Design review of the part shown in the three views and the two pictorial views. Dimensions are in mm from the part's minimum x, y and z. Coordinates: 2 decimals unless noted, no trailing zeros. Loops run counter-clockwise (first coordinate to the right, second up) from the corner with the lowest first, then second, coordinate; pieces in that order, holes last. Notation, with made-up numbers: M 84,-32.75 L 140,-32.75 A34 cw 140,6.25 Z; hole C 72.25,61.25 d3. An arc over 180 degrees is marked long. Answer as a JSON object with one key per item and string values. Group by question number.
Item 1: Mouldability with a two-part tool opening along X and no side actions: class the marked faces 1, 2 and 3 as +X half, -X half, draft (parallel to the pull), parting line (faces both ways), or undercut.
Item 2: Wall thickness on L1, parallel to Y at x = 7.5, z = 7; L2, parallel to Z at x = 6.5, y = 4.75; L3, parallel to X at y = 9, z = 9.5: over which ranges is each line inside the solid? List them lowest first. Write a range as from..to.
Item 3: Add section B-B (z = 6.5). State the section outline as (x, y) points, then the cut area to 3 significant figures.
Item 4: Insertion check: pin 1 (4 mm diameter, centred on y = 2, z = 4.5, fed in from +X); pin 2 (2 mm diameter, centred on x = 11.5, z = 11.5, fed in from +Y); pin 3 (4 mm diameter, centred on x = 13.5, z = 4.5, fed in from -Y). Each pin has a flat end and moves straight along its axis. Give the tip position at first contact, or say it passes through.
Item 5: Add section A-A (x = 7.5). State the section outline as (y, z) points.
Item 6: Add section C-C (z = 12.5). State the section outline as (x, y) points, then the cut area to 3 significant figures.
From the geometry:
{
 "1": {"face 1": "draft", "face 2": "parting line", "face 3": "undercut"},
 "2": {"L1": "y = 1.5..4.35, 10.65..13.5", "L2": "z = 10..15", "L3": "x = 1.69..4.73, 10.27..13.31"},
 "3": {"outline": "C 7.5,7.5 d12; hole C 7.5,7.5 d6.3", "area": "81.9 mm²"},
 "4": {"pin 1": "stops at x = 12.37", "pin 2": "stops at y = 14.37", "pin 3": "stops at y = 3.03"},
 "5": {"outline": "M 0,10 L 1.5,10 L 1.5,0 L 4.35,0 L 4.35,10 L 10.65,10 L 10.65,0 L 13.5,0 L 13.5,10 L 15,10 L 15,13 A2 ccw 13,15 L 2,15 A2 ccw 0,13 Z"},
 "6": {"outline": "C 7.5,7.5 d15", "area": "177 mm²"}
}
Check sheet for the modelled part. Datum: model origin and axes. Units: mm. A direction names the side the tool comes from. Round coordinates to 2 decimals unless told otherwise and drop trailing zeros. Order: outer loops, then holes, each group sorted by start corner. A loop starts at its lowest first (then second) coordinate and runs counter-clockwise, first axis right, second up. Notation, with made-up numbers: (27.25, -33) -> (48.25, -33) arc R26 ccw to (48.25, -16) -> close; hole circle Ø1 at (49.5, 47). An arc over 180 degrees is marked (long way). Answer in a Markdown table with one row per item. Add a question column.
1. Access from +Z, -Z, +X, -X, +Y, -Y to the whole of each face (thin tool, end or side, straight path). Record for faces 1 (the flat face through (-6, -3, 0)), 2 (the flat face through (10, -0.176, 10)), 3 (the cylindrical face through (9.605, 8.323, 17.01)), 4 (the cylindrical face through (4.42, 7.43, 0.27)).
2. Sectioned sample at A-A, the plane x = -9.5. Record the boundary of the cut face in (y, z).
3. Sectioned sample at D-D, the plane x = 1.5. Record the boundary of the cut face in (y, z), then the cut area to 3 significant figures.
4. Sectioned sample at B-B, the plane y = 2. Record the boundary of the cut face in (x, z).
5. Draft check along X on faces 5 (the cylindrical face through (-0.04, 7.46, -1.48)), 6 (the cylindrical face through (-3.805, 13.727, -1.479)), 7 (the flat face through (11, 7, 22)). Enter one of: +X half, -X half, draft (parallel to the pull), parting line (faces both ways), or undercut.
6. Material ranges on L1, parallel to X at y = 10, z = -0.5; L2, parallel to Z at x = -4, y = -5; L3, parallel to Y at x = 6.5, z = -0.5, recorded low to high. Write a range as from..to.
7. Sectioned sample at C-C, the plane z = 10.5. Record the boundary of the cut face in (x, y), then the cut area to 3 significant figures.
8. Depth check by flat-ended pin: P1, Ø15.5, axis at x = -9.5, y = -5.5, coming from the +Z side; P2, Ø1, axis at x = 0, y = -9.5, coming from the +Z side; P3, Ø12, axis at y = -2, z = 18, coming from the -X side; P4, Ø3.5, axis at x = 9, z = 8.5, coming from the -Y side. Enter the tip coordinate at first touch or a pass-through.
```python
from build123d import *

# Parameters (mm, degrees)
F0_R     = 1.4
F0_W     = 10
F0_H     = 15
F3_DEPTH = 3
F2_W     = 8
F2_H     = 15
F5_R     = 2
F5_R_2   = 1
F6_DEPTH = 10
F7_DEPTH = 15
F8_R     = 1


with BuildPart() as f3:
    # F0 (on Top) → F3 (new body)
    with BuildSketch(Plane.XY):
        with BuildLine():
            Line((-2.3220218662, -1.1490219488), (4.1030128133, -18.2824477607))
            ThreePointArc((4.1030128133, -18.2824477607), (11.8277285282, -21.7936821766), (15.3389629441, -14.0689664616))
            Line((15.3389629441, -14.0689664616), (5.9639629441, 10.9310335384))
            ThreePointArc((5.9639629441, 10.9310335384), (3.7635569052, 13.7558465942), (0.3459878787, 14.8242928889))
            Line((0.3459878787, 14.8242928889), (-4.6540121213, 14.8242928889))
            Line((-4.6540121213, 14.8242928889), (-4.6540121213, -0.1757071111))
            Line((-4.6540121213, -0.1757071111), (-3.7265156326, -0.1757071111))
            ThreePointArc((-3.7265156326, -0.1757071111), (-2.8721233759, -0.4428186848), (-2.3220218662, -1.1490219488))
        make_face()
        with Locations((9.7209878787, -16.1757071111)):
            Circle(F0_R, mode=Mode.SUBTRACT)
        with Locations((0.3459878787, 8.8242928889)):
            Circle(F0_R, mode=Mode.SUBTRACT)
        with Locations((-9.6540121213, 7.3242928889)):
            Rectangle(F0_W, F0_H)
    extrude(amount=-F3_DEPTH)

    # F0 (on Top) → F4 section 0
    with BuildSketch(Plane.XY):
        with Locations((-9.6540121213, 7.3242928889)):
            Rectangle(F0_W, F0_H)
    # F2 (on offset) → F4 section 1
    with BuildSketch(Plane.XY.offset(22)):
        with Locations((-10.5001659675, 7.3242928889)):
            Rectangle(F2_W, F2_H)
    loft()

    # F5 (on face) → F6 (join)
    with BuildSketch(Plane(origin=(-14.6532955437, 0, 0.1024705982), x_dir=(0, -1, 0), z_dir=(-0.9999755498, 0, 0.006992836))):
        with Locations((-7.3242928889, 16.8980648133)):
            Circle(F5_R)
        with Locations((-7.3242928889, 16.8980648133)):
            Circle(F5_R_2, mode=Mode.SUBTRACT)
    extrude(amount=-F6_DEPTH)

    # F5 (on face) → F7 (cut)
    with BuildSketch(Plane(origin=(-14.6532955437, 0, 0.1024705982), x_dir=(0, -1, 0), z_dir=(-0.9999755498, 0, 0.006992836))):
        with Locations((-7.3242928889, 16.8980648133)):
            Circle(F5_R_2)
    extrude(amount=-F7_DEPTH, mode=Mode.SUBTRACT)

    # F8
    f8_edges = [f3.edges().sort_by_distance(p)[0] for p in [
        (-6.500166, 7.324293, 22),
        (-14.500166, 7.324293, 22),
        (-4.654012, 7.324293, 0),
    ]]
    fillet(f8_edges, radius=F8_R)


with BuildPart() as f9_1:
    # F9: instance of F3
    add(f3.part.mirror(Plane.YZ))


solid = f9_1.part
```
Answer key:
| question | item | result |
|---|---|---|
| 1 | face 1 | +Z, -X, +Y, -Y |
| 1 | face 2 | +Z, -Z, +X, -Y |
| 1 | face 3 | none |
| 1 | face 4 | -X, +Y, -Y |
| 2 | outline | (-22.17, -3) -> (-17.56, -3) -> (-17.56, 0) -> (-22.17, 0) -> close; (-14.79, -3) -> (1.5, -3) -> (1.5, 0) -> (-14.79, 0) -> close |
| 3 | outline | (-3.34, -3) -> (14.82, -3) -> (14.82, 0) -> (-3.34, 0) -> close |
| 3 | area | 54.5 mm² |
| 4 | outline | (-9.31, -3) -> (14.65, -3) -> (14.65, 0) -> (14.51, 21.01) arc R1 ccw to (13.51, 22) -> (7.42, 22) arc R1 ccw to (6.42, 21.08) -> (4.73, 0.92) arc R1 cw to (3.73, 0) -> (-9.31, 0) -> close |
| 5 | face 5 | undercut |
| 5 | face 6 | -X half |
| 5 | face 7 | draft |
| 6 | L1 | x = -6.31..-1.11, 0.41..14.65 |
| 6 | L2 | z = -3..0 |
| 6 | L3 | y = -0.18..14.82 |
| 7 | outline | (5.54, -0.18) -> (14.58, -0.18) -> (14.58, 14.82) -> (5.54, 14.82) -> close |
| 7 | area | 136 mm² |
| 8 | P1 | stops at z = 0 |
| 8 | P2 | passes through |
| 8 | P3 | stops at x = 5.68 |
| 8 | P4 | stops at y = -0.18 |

************

What the task requires => All that belongs in the answer is an exact copy of the lines from the start of the records above through the line with "Item 1: Mouldability".

Solution below =>
Design review of the part shown in the three views and the two pictorial views. Dimensions are in mm from the part's minimum x, y and z. Coordinates: 2 decimals unless noted, no trailing zeros. Loops run counter-clockwise (first coordinate to the right, second up) from the corner with the lowest first, then second, coordinate; pieces in that order, holes last. Notation, with made-up numbers: M 84,-32.75 L 140,-32.75 A34 cw 140,6.25 Z; hole C 72.25,61.25 d3. An arc over 180 degrees is marked long. Answer as a JSON object with one key per item and string values. Group by question number.
Item 1: Mouldability with a two-part tool opening along X and no side actions: class the marked faces 1, 2 and 3 as +X half, -X half, draft (parallel to the pull), parting line (faces both ways), or undercut.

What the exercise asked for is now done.